### WORK INSTRUCTION
Exactly as they appear below, repeat the lines from the one with "Answer: Windshield wiper" through the one with "Answer: No How", and no others.

(Dataset items)
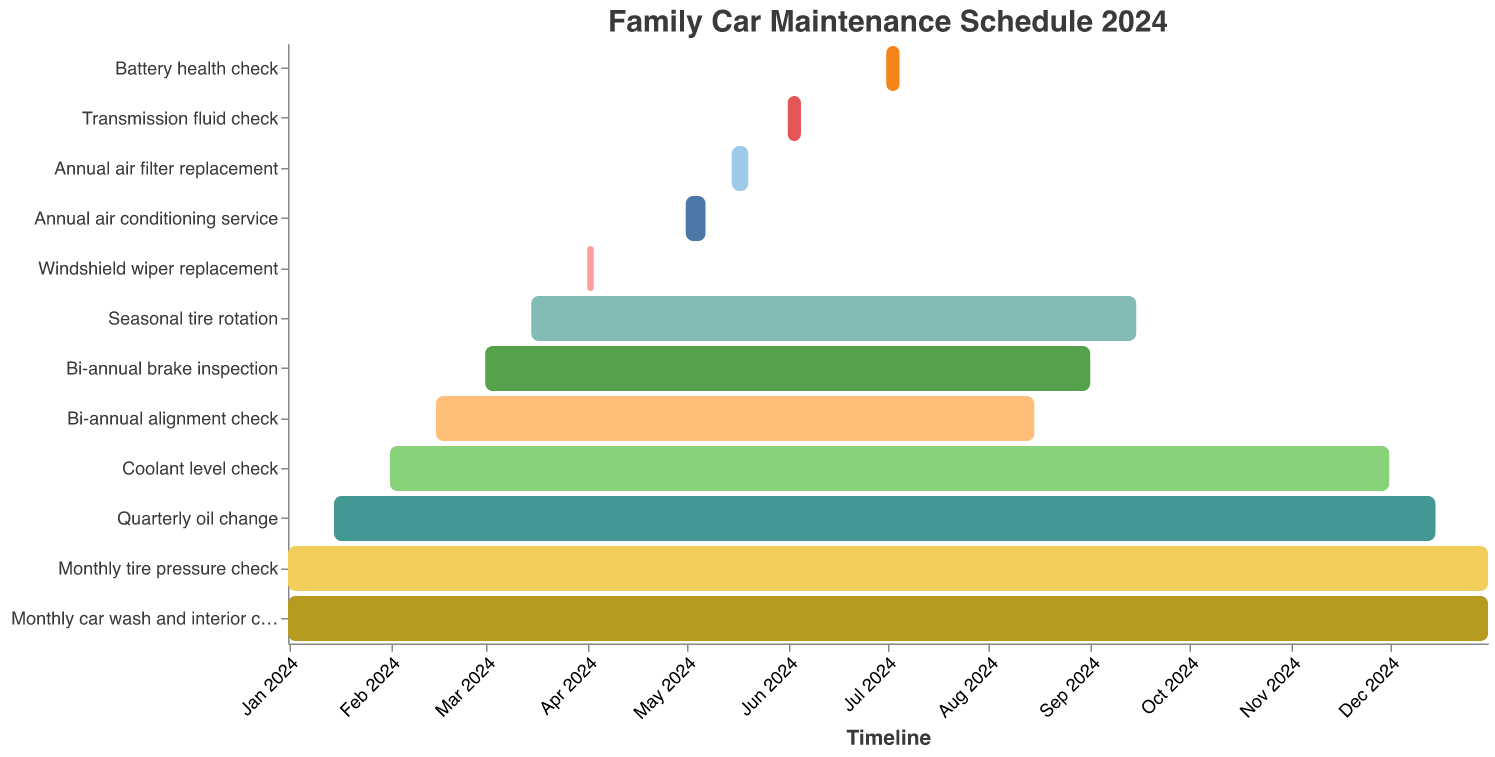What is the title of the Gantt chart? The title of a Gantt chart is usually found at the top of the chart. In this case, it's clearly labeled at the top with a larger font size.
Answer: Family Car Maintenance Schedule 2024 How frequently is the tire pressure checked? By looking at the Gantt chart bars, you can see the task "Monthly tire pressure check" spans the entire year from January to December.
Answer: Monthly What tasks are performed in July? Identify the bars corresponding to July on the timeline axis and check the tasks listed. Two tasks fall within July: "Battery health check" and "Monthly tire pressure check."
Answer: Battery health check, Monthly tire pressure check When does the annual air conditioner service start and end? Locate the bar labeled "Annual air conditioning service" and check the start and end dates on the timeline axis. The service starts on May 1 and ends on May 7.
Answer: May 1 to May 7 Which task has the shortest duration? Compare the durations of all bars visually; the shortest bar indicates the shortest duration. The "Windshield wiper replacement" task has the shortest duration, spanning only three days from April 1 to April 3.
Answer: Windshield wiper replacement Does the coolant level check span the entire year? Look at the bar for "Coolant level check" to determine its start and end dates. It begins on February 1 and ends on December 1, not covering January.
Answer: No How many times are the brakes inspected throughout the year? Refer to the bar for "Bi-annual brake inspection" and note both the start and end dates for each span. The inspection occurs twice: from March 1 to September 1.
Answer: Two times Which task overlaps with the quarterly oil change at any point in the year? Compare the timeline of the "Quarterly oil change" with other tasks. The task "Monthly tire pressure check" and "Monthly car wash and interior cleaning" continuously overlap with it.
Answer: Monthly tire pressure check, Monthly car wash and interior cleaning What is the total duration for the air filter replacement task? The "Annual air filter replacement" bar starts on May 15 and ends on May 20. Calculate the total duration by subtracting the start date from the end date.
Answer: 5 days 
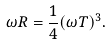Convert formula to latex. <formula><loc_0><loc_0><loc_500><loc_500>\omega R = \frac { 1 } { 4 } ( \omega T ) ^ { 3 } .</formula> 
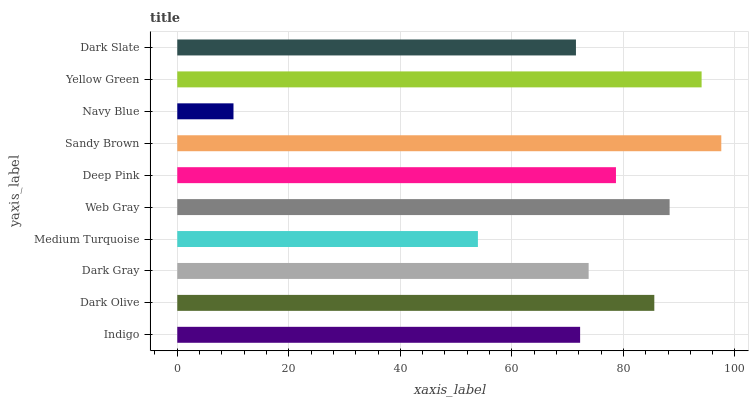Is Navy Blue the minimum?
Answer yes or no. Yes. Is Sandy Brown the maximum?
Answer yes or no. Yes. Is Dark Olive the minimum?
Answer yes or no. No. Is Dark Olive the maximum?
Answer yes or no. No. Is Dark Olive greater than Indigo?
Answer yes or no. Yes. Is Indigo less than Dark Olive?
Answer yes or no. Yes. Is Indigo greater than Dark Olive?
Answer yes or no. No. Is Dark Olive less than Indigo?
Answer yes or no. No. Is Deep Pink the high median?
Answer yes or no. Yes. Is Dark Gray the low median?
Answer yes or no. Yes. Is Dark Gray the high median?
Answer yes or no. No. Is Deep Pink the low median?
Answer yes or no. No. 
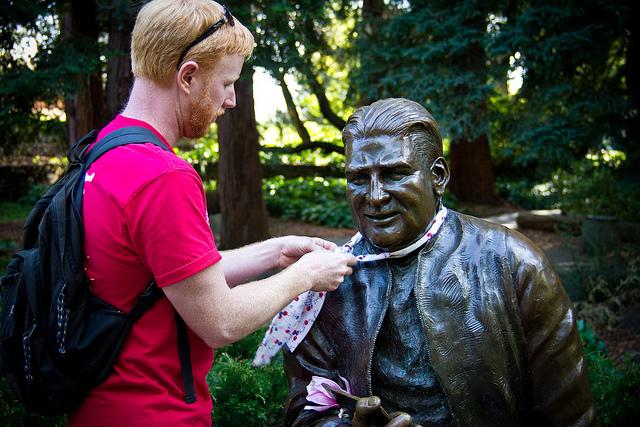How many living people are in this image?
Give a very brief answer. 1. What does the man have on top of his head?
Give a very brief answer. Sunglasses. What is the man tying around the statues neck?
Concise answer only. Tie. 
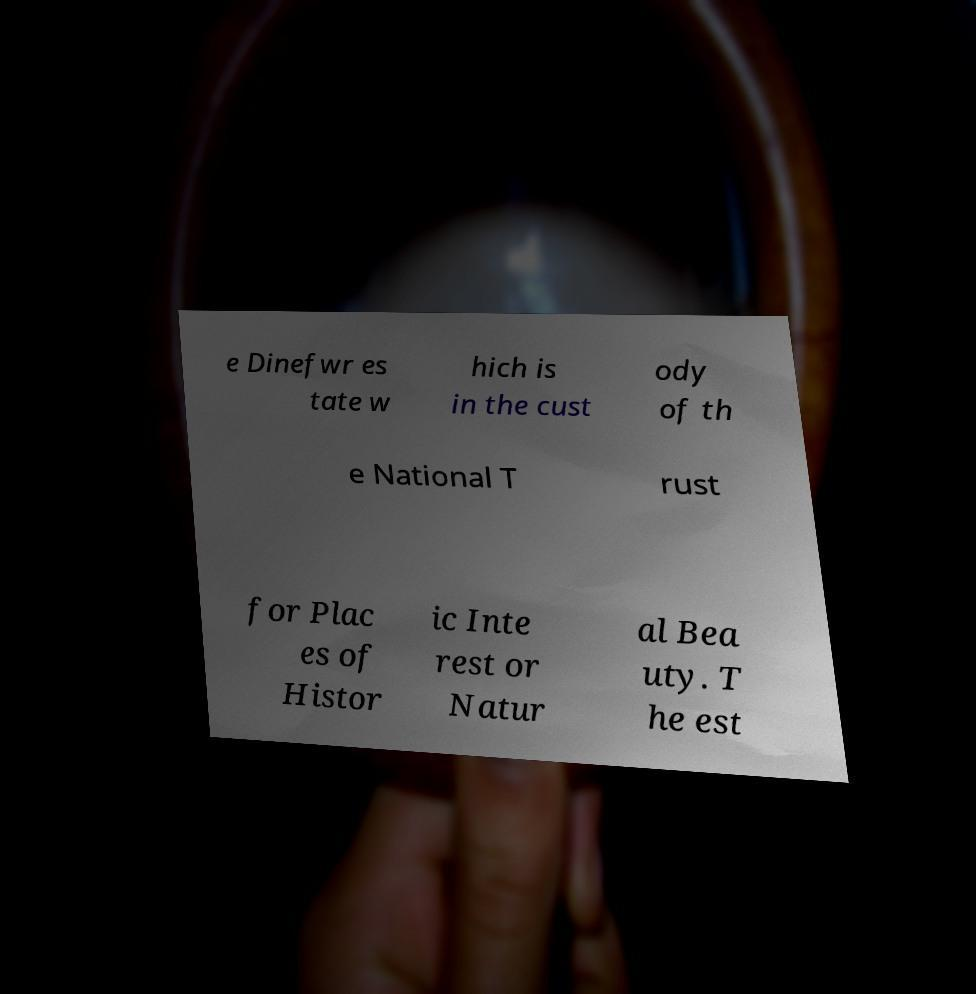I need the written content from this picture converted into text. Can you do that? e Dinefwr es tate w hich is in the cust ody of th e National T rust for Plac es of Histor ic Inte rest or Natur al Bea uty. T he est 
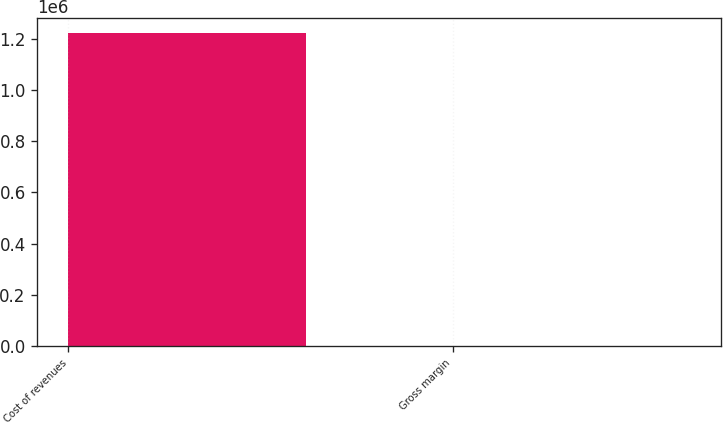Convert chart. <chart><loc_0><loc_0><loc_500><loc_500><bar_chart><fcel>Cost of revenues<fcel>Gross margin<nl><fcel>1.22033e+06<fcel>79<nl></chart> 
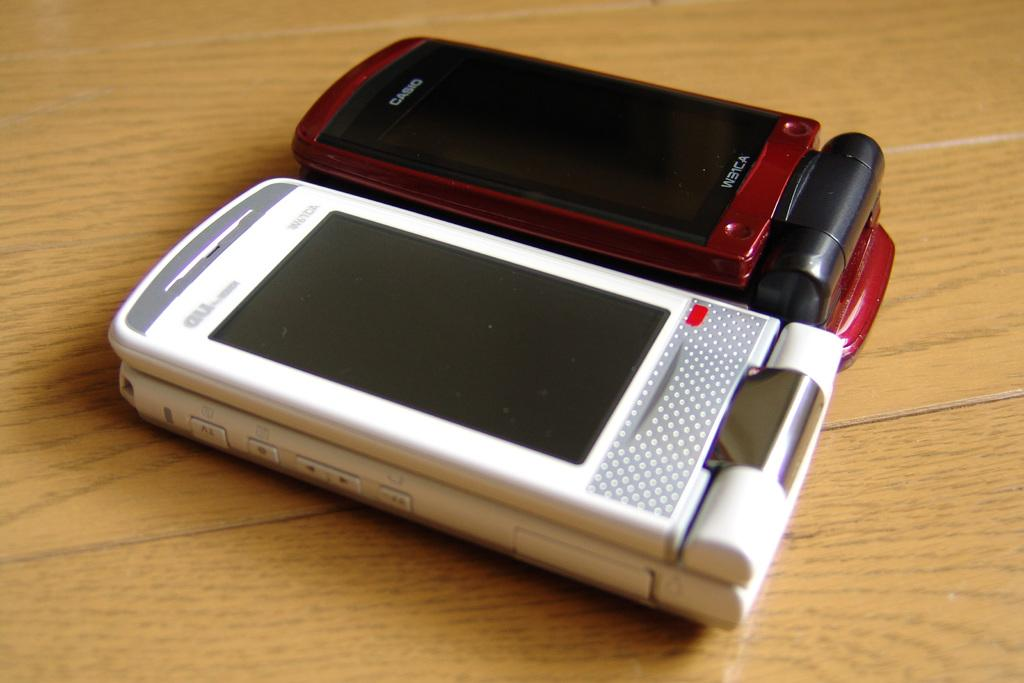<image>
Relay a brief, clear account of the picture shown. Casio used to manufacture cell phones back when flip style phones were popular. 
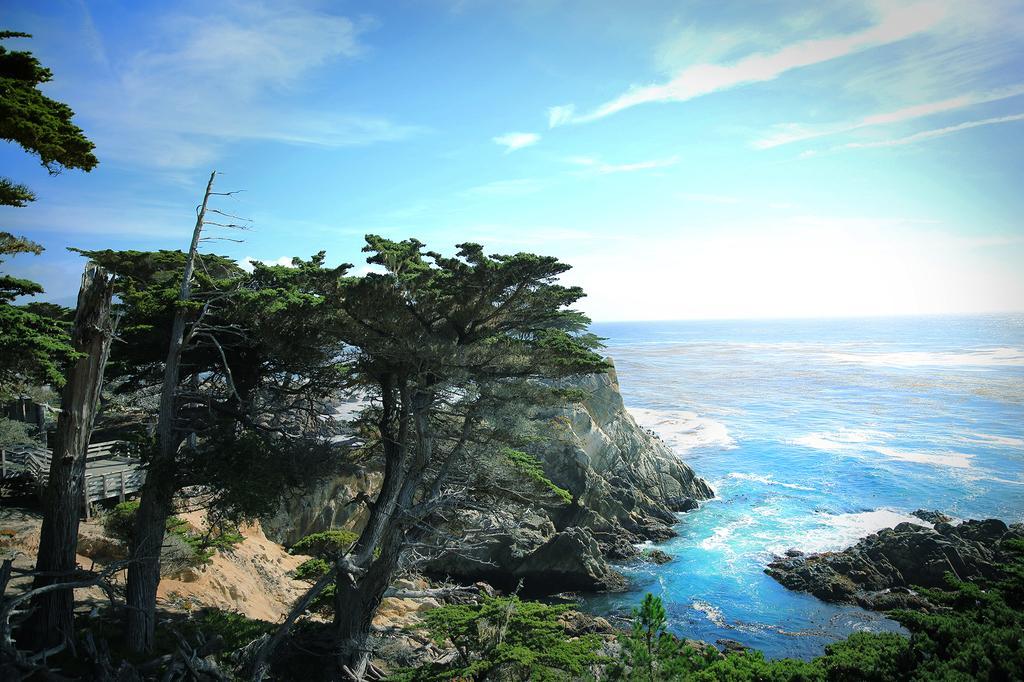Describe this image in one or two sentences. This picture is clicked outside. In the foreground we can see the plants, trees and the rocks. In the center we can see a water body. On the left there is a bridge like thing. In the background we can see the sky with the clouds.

### ANSWER TO THE EXERCISE
Answer: Windshield wiper replacement Does the coolant level check span the entire year? Look at the bar for "Coolant level check" to determine its start and end dates. It begins on February 1 and ends on December 1, not covering January.
Answer: No How many times are the brakes inspected throughout the year? Refer to the bar for "Bi-annual brake inspection" and note both the start and end dates for each span. The inspection occurs twice: from March 1 to September 1.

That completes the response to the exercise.